Our work can be seen as a new application of such techniques to (a variant of) an industrial election algorithm. Another originality is to combine counter abstraction, bounded model checking, with parametric timed model checking.
In an orthogonal direction, the verification of identical processes in a network, i. e., a unknown number of nodes running the same algorithm, has been studied in various settings, notably in the long line of work around regular model checking [11, 17], and in various settings in the timed case [1,2,3]. However, the focus of that latter series of works is on decidability, and they do not consider real-world algorithms, nor do they have tools implementing these results.

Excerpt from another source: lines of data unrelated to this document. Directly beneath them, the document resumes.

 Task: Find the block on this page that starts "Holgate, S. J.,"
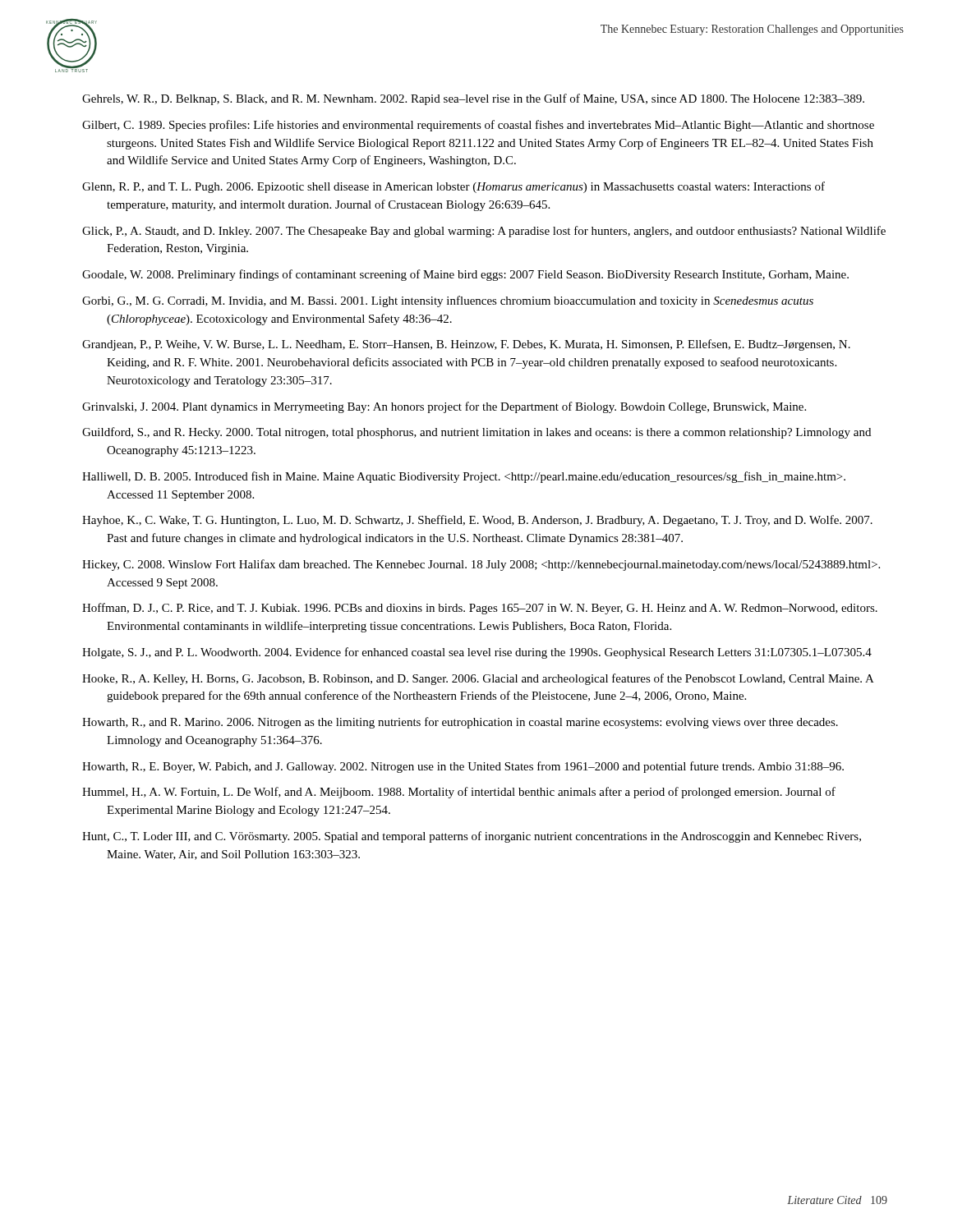477,652
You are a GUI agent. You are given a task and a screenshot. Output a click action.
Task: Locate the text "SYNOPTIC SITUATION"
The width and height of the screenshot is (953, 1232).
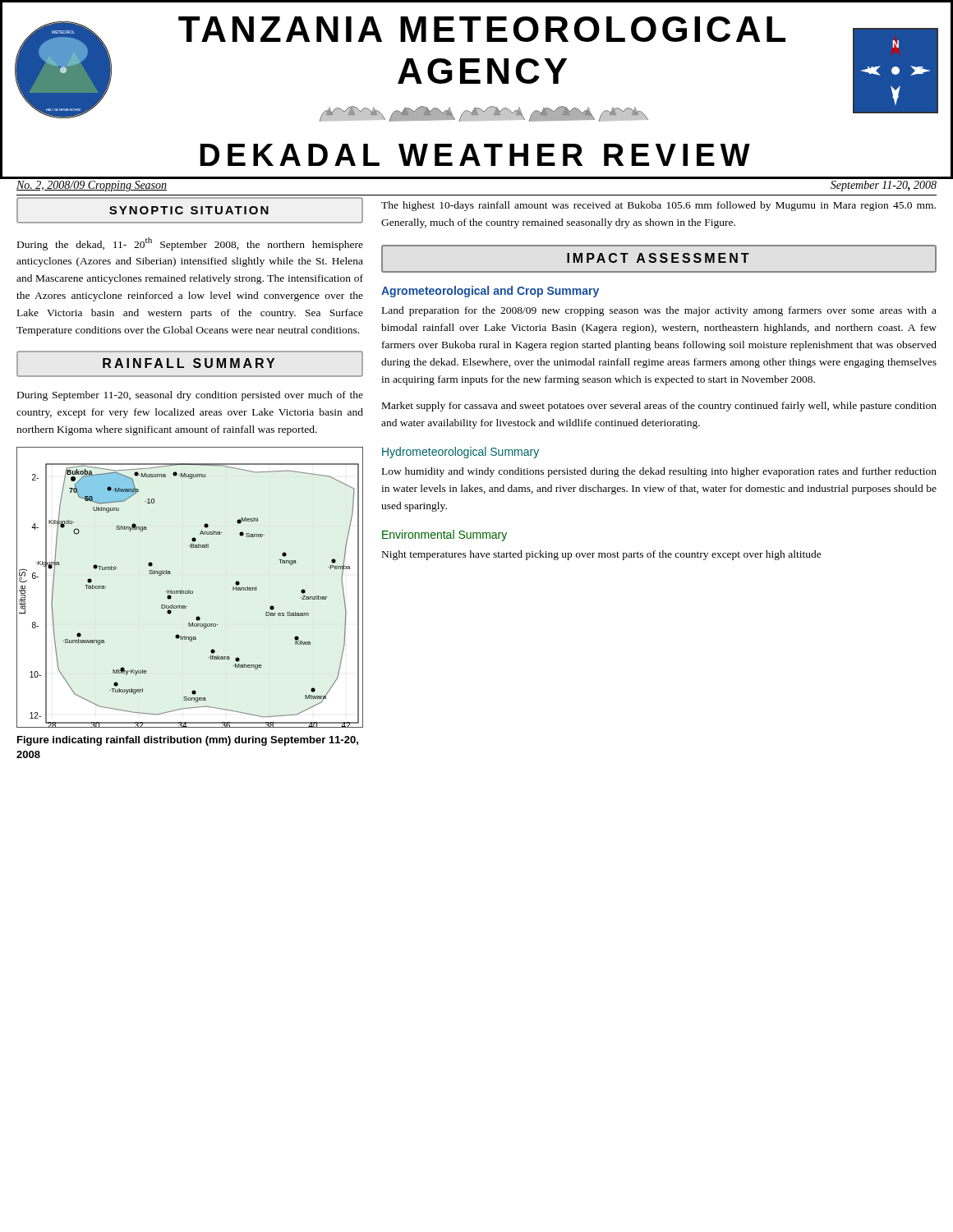pos(190,210)

Finally, the line of works around the Cubicle model-checker [12,13,14] performs parameterized verification of cache memory protocols, that is also parameterized in the number of processes. However, timing parameters are not present in these works.
1.3 Outline
The rest of the paper is organized as follows. Section 2 introduces the variant of the leader election algorithm we consider. Section 3 presents our direct verification method for a small number of nodes. Section 4 presents our abstraction-based verification for a much larger number of nodes. Section 5 concludes the manuscript and outlines perspectives.
2 An Asynchronous Leader Election Algorithm
Thales recently proposed a leader election algorithm. This simple leader election algorithm is based on the classical Bully algorithm originally designed for the synchronous framework [18]. Basically, all nodes have an ID (all different), and the node with the largest ID must be elected as a leader. This algorithm is asynchronous. As usual, each node runs the same version of the code. We cannot describe the code of the actual algorithm for confidentiality issues, and we therefore consider and prove a modified variant of Thales’ original algorithm, described throughout this section.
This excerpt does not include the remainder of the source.